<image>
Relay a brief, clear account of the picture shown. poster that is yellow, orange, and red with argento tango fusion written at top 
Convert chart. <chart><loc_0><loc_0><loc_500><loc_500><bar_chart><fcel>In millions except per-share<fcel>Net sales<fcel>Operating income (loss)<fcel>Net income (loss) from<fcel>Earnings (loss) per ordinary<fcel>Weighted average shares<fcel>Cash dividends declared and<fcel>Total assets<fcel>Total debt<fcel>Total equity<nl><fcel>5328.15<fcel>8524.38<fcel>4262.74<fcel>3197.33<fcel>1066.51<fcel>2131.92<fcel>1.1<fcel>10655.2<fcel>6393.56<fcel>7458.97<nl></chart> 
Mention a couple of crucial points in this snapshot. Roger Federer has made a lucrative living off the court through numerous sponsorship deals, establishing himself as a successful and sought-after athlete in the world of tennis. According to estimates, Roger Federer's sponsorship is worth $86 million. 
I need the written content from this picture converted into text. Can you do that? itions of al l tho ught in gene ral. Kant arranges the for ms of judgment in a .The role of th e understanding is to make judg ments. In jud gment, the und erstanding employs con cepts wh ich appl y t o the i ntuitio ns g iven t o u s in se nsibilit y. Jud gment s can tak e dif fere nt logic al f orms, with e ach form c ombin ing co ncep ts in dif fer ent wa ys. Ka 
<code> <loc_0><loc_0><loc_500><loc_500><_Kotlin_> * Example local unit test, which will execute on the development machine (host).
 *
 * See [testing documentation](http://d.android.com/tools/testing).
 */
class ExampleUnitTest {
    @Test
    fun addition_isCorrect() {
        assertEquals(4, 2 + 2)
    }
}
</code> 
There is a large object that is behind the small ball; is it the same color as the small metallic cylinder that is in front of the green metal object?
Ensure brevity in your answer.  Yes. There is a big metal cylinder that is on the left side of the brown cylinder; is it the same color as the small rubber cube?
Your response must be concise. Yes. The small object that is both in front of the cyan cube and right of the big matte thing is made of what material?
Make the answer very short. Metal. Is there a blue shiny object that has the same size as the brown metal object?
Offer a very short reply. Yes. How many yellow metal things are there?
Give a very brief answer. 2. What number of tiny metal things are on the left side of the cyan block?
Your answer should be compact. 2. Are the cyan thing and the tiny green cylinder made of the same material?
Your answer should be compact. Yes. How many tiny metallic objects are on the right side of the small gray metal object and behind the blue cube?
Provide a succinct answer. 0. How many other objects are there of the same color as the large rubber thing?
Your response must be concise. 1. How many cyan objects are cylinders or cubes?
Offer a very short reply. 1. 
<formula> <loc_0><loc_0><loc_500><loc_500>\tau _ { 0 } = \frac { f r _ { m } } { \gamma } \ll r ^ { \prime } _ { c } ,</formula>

--*--

= Action item =
The line with "millions except per-share<fcel>Net" marks the end; reproduce exactly every line from the start of the entries up to it, that line included.

= Response for this exercise =
<image>
Relay a brief, clear account of the picture shown. poster that is yellow, orange, and red with argento tango fusion written at top 
Convert chart. <chart><loc_0><loc_0><loc_500><loc_500><bar_chart><fcel>In millions except per-share<fcel>Net sales<fcel>Operating income (loss)<fcel>Net income (loss) from<fcel>Earnings (loss) per ordinary<fcel>Weighted average shares<fcel>Cash dividends declared and<fcel>Total assets<fcel>Total debt<fcel>Total equity<nl><fcel>5328.15<fcel>8524.38<fcel>4262.74<fcel>3197.33<fcel>1066.51<fcel>2131.92<fcel>1.1<fcel>10655.2<fcel>6393.56<fcel>7458.97<nl></chart> 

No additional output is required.